-- Entries supplied follows --
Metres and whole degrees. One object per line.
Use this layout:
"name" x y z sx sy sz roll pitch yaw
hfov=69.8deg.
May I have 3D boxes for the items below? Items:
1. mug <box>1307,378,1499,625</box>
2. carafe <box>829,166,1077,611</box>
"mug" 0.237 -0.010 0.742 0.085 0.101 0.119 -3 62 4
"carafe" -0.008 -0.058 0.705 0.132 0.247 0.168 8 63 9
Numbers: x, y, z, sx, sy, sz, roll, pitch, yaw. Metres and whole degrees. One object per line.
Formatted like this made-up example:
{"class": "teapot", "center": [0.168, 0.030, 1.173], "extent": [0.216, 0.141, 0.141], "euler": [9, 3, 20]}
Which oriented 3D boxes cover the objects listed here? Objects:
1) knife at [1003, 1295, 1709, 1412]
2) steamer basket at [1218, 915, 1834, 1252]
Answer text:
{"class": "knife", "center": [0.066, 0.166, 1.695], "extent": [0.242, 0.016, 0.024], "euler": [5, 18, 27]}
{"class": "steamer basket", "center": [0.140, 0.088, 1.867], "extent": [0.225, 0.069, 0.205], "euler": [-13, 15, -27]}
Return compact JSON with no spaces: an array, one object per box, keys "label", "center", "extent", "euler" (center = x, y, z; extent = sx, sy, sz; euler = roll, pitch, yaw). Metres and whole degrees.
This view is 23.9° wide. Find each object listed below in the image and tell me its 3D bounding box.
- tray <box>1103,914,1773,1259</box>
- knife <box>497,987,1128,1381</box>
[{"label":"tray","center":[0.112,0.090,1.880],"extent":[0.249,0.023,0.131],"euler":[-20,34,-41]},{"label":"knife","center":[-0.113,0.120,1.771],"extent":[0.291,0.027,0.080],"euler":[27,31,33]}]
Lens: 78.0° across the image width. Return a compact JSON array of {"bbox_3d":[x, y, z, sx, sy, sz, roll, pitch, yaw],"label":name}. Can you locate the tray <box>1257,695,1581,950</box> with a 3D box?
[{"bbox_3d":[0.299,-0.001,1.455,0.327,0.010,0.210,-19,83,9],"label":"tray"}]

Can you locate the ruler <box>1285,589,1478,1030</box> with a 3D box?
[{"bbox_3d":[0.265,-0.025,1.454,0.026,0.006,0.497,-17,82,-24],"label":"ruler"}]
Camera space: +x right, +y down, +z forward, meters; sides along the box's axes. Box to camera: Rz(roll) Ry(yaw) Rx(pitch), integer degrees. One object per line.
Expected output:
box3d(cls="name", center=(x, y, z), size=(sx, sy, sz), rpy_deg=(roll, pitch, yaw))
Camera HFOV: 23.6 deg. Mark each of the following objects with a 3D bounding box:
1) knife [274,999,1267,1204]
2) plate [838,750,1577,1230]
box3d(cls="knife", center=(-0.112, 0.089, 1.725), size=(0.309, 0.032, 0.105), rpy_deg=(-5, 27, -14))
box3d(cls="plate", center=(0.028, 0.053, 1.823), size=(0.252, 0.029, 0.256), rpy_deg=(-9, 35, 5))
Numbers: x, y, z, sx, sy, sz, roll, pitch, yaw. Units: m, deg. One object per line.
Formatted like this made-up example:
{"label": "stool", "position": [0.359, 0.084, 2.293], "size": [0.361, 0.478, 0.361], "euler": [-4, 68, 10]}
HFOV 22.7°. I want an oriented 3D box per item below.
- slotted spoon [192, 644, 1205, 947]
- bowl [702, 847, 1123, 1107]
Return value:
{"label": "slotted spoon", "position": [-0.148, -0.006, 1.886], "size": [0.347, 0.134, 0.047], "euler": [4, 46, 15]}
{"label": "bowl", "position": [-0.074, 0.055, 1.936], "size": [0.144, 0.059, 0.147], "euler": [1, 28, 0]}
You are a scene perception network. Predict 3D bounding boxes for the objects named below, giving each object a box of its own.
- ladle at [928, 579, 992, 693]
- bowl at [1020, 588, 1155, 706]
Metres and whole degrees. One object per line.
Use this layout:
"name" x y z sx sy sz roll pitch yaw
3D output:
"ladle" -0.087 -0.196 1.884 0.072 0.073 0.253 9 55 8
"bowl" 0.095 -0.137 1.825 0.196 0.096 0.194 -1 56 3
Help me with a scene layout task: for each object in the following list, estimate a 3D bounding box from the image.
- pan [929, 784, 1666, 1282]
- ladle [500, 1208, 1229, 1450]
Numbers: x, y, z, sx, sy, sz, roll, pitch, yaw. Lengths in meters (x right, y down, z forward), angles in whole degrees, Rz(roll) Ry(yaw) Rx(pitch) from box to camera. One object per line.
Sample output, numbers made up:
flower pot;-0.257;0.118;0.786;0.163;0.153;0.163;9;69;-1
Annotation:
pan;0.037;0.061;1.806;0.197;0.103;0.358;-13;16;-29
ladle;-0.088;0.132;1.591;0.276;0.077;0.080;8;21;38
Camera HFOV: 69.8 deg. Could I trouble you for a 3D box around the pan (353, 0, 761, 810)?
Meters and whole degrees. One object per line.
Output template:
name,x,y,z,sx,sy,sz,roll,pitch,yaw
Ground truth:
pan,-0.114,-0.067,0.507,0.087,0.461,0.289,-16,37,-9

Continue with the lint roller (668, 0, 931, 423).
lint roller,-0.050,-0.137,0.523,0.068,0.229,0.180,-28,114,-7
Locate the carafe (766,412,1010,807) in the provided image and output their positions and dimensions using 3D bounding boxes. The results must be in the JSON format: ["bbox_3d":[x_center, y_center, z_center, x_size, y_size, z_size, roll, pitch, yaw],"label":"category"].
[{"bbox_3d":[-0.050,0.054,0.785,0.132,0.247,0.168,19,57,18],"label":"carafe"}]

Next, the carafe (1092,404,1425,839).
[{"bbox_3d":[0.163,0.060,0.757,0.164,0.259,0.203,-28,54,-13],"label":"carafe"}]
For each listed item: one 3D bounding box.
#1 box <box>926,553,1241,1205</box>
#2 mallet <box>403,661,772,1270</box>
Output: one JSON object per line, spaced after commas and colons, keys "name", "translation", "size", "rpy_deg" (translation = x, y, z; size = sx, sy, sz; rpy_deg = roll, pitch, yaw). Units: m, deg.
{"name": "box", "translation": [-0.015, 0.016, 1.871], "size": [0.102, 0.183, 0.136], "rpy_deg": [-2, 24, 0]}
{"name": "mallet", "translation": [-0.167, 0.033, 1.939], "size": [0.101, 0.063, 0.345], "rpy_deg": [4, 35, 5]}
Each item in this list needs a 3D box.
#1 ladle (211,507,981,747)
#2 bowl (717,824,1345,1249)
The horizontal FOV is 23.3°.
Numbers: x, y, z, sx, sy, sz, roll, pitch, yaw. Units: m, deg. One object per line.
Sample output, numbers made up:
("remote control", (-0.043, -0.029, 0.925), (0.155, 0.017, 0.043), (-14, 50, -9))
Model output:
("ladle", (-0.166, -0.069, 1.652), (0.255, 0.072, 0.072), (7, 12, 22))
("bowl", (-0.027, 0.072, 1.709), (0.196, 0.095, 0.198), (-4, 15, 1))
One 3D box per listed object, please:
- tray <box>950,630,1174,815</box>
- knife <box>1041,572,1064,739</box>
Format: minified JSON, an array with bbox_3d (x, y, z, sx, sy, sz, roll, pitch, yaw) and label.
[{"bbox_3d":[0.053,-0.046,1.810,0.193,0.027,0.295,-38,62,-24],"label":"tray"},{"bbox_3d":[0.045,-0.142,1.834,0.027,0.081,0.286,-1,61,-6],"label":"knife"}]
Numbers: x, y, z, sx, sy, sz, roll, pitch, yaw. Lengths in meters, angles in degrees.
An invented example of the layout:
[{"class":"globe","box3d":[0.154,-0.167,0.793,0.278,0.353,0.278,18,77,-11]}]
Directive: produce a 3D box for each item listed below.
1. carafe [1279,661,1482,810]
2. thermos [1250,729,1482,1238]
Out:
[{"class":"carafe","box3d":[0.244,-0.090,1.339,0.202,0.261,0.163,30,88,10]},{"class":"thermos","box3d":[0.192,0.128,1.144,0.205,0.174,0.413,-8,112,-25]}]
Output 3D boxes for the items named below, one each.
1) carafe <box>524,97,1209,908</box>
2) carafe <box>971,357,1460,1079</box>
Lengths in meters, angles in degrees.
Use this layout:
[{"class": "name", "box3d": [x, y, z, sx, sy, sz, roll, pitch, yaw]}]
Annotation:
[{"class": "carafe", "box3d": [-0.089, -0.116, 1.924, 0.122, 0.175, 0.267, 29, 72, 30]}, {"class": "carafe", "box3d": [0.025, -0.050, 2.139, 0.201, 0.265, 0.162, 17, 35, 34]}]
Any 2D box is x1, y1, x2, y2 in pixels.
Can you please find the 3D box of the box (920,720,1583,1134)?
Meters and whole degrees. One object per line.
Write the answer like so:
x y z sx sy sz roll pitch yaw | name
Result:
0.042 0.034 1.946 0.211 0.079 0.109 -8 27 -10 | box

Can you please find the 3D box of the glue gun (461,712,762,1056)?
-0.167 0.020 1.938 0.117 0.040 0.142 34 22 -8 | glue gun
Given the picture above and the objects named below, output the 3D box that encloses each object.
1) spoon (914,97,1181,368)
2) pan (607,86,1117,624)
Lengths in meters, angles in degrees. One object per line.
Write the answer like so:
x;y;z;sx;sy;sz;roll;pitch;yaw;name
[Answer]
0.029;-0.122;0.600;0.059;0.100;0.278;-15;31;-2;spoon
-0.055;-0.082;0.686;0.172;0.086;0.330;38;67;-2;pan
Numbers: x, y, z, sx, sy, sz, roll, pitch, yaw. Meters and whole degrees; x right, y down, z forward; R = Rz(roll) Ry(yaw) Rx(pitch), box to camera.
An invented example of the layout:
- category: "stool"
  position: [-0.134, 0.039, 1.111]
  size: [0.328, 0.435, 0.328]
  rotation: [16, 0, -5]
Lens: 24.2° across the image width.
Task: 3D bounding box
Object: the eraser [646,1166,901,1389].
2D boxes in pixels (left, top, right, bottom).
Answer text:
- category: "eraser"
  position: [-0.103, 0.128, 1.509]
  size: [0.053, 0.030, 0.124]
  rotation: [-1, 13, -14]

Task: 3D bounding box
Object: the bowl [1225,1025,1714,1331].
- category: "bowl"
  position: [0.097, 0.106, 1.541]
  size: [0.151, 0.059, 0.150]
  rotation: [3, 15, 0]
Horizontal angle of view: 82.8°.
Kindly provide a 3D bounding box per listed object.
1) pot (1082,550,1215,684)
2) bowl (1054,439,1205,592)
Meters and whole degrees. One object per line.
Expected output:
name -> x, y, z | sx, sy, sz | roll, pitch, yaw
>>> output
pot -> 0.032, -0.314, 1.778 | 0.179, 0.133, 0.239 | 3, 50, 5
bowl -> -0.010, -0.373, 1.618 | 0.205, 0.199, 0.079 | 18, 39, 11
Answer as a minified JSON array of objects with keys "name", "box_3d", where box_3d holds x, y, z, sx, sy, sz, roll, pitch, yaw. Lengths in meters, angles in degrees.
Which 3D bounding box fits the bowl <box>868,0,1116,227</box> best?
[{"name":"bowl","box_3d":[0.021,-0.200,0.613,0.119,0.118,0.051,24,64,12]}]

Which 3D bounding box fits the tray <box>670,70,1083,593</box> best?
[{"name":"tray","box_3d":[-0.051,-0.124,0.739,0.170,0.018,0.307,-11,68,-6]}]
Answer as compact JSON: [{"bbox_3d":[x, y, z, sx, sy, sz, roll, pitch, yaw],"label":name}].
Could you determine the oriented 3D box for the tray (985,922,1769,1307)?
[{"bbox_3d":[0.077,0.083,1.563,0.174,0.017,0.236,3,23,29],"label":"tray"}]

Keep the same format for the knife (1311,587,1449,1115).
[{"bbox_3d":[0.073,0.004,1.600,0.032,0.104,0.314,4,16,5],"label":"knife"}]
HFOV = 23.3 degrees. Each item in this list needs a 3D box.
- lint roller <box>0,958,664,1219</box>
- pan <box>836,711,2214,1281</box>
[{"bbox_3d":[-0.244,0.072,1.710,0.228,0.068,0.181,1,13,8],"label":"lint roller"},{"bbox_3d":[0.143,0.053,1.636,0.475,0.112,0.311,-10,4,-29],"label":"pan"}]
-- Entries supplied concluded --
Problem requirements:
Would you retype exactly the lines above, from the line with "flower pot;-0.257;0.118;0.786;0.163;0.153;0.163;9;69;-1" to the line with "name,x,y,z,sx,sy,sz,roll,pitch,yaw", with both end lines kept and nothing more?

Finished task:
flower pot;-0.257;0.118;0.786;0.163;0.153;0.163;9;69;-1
Annotation:
pan;0.037;0.061;1.806;0.197;0.103;0.358;-13;16;-29
ladle;-0.088;0.132;1.591;0.276;0.077;0.080;8;21;38
Camera HFOV: 69.8 deg. Could I trouble you for a 3D box around the pan (353, 0, 761, 810)?
Meters and whole degrees. One object per line.
Output template:
name,x,y,z,sx,sy,sz,roll,pitch,yaw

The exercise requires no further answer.